--- TASK INPUT ---

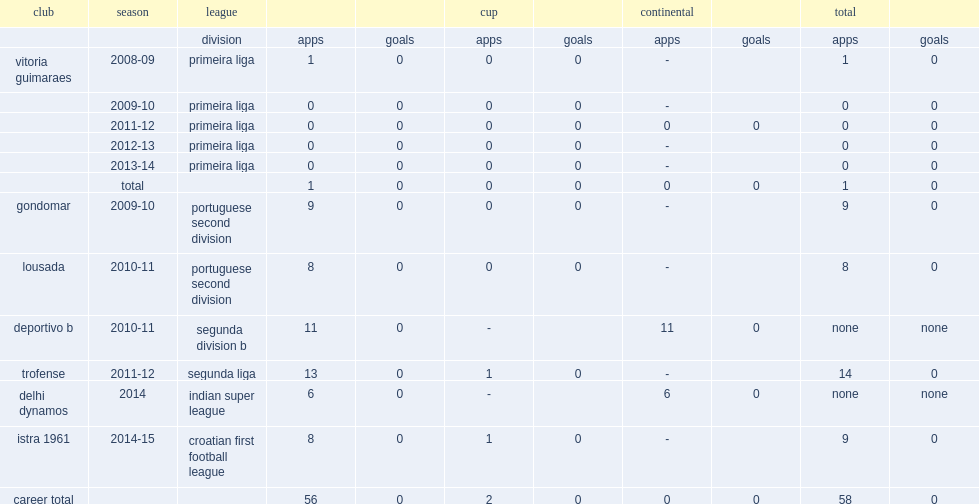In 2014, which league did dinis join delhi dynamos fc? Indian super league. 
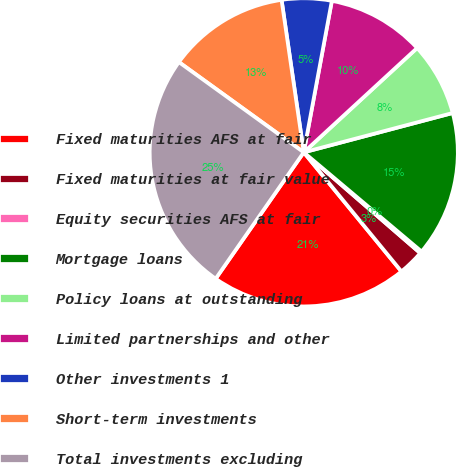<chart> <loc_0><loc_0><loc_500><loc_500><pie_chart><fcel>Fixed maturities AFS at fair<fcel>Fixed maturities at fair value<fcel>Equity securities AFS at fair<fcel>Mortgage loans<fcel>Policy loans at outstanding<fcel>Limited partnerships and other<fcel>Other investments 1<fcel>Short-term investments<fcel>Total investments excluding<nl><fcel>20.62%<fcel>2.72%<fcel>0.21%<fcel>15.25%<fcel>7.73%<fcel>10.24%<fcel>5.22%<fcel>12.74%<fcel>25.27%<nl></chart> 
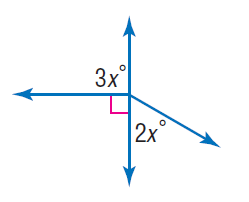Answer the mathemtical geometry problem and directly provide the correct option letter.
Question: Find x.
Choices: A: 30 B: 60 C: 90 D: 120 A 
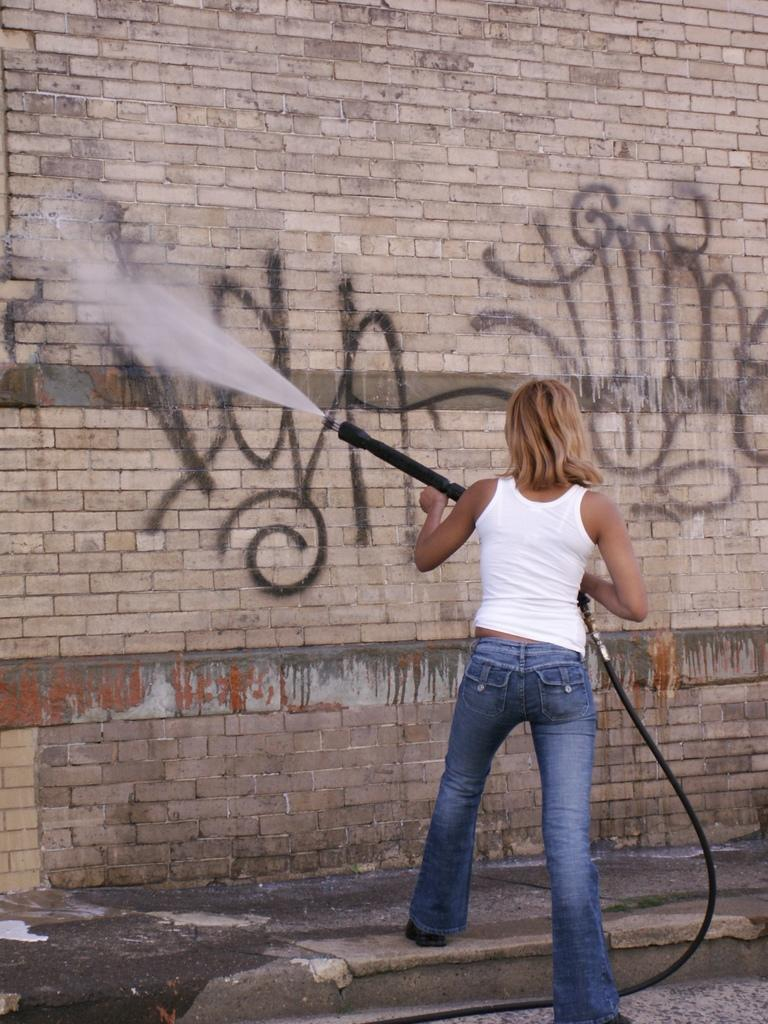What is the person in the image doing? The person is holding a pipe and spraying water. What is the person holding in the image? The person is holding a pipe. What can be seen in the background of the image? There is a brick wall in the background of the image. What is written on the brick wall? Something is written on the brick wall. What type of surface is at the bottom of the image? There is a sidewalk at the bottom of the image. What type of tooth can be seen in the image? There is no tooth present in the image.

---

* _EXERCISE_: The answer is the lines of the material above, from the one containing "maturities AFS at" down to the one containing "Choices: A: 30 B: 60 C: 90 D: 120 A", given exactly and without images.

* _EXERCISE ANSWER_:
<chart> <loc_0><loc_0><loc_500><loc_500><pie_chart><fcel>Fixed maturities AFS at fair<fcel>Fixed maturities at fair value<fcel>Equity securities AFS at fair<fcel>Mortgage loans<fcel>Policy loans at outstanding<fcel>Limited partnerships and other<fcel>Other investments 1<fcel>Short-term investments<fcel>Total investments excluding<nl><fcel>20.62%<fcel>2.72%<fcel>0.21%<fcel>15.25%<fcel>7.73%<fcel>10.24%<fcel>5.22%<fcel>12.74%<fcel>25.27%<nl></chart> 
Answer the mathemtical geometry problem and directly provide the correct option letter.
Question: Find x.
Choices: A: 30 B: 60 C: 90 D: 120 A 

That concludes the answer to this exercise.